Study: COVID pandemic triggered spike in device shortages

Regulatory NewsRegulatory News | 08 December 2022 |  By 

COVID-19-related demand for medical devices, including personal protective equipment (PPE) and diagnostics, was the main driver of the 22 device shortages reported in the first half of 2020, according to a new analysis published in Health Affairs.

The analysis, led by Trinidad Beleche, PhD, of the US Department of Health and Human Services, and co-authored by officials at the Food and Drug Administration (FDA), examined the number and characteristics of medical device shortages in the US from January 2006 to July 2020. Overall, there were 61 device shortages reported during the study period. There was at least one medical device shortage each year during the study period, with an average of five shortages per year from 2010 to 2019, followed by a jump to 22 shortages in the first half of 2020.

The researchers suggested that devices shortages detailed in the study may have been an underestimate. For instance, the study does not include shortages that were averted. Additionally, before passage of the Coronavirus Aid, Relief, and Economic Security (CARES) Act, which provided the FDA with early notification of discontinuations and manufacturing interruptions, the agency received limited information about likely shortages. (RELATED: FDA seeks comment on device shortage reporting guidance, Regulatory Focus 10 January 2022)

“Before the CARES Act, the FDA worked with device manufacturers to prevent shortages, but manufacturers shared shortage information on a voluntary, case-by-case basis, if at all,” the researchers wrote in Health Affairs.

While 2020 was marked by a significant increase in device shortages, the drivers behind those shortages were also different than in the pre-pandemic period. From January to July 2020, the majority of device shortages were triggered by increased demand, with a small portion caused by product discontinuation. In contrast, during the pre-pandemic period, device shortages were triggered mainly by regulatory actions, such as recalls or seizures that were related to product quality or manufacturing issues. Other common contributors were natural disasters and product discontinuance.
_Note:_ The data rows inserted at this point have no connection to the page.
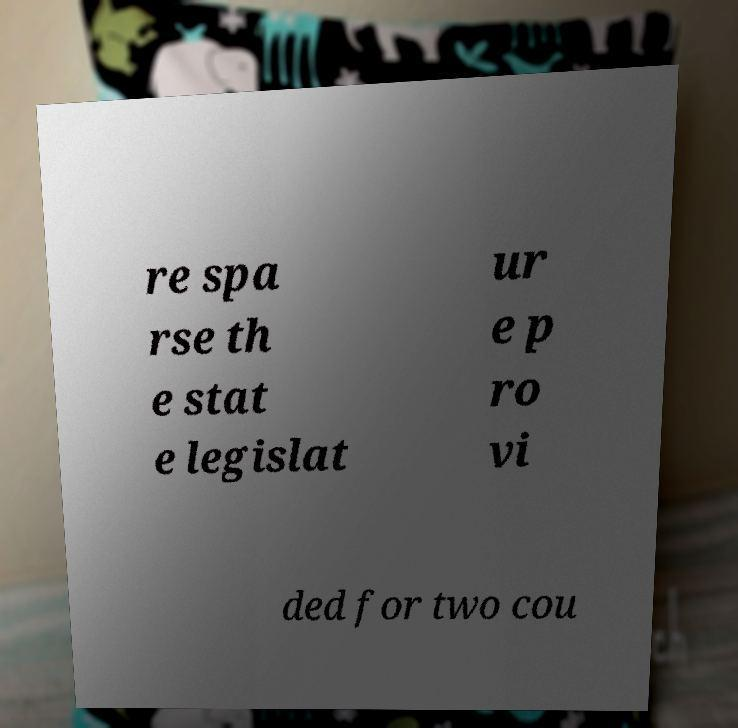I need the written content from this picture converted into text. Can you do that? re spa rse th e stat e legislat ur e p ro vi ded for two cou 
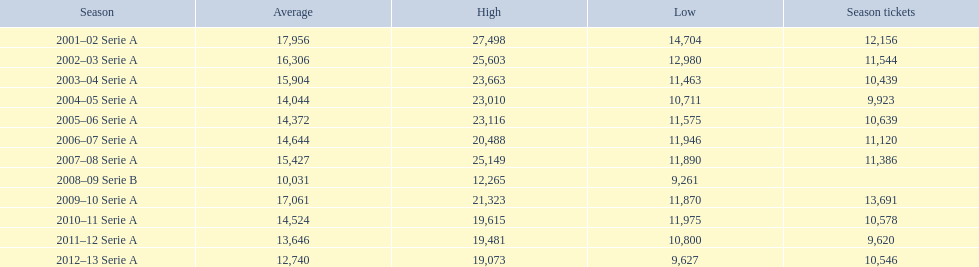What was the quantity of season passes in 2007? 11,386. 
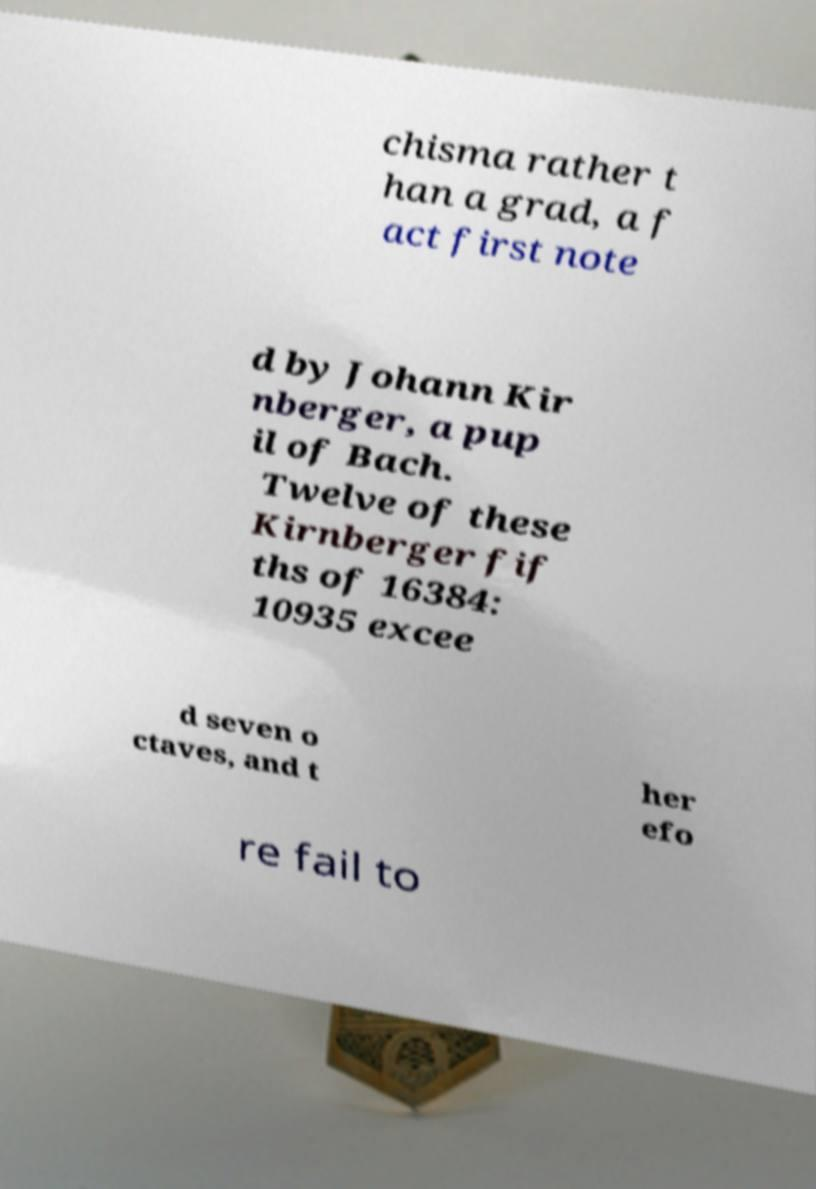For documentation purposes, I need the text within this image transcribed. Could you provide that? chisma rather t han a grad, a f act first note d by Johann Kir nberger, a pup il of Bach. Twelve of these Kirnberger fif ths of 16384: 10935 excee d seven o ctaves, and t her efo re fail to

The types of devices involved in shortage also differed between the pandemic and pre-pandemic time periods. Other than ventilator-related product shortages, which occurred during both periods, there was no other overlap. Shortages during the COVID-19 pandemic in early 2020 were related to PPE, diagnostic testing supplies and equipment and vital sign monitoring. Before the pandemic, however, shortages were related to infusion pumps, devices used in dialysis treatment, needles/syringes and sterilization products.

The underlying structure of the medical device market likely had a role in shortages, the researchers suggested. They pointed to the non-competitive markets for medical devices, with one or fewer producers, as contributing to shortages “in the event of a shock.” The lack of substitute devices or familiarity with alternatives also prevent providers from choosing another device when one device is unavailable.

“More research is needed to increase understanding of the relationship between the proximate causes of shortages and these underlying features of medical device markets, as well as how lessons learned from other markets vulnerable to shortages might apply to this context,” the researchers wrote.